Principal Component Analysis (PCA) transforms correlated features into a smaller number of uncorrelated components that capture the maximum variance in the data.

This reduces noise, removes redundant features, and makes models more generalizable.

2. Decide How Many Components to Keep

Use the explained variance ratio from PCA.

Plot a scree plot (cumulative variance explained vs. number of components).

Keep enough components to capture 90–95% of the variance (common in biomedical research).

Alternatively, use cross-validation performance (pick the number of components that yields the best classification accuracy without overfitting).

3. Use KNN for Classification Post-Dimensionality Reduction

After dimensionality reduction, train a K-Nearest Neighbors (KNN) classifier.

Why KNN works better after PCA:

KNN relies on distance metrics → high dimensions distort distances.

PCA reduces dimensions → distances become more meaningful.

Choose k (number of neighbors) using GridSearchCV with cross-validation.

Try different distance metrics (Euclidean, Manhattan).

4. Evaluate the Model

Split data into train/test (or use cross-validation if data is small).

Use metrics relevant for biomedical data:

Accuracy (overall correctness).

Precision/Recall/F1-score (important if one cancer type is rare).

ROC-AUC (robust for imbalanced classes).

Perform stratified cross-validation to ensure all cancer types are represented in each fold.

Possibly use nested cross-validation (tuning hyperparameters inside CV) to avoid optimistic bias.

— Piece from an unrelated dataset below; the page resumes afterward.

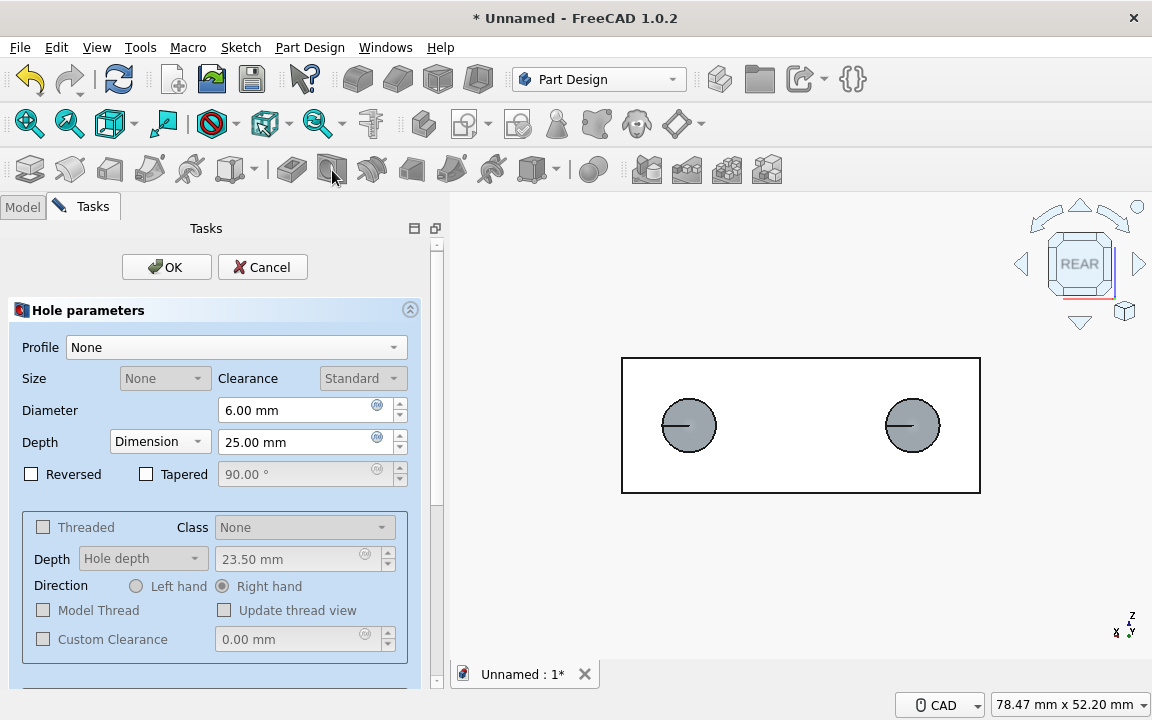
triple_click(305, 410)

5. Justify this Pipeline to Stakeholders

Interpretability: PCA compresses thousands of genes into fewer components, making the model easier to understand.

Robustness: Reduces noise and prevents overfitting, which is critical given small sample sizes.

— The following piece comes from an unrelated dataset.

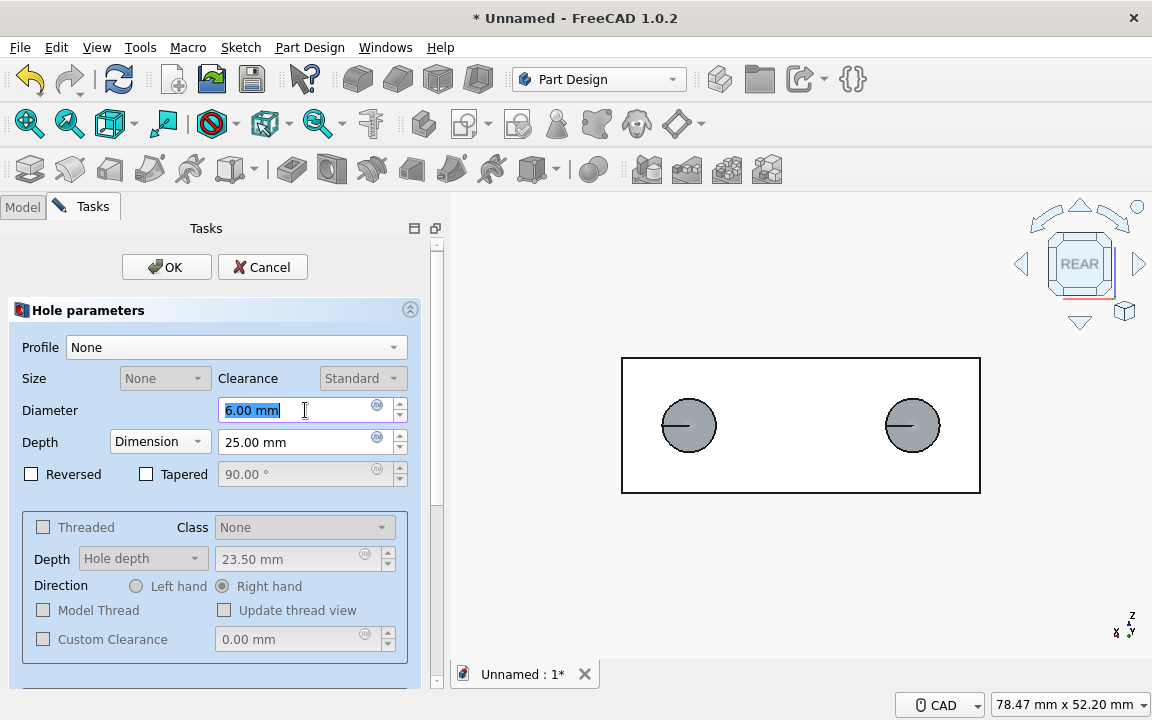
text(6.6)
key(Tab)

Generalization: Model trained on PCA-transformed data is more likely to perform well on new patient cohorts.

Scalability: This pipeline can adapt when new genes or patients are added.

Biomedical validity: PCA often groups genes into biologically meaningful patterns (e.g., co-expressed gene clusters), which can provide insights beyond classification.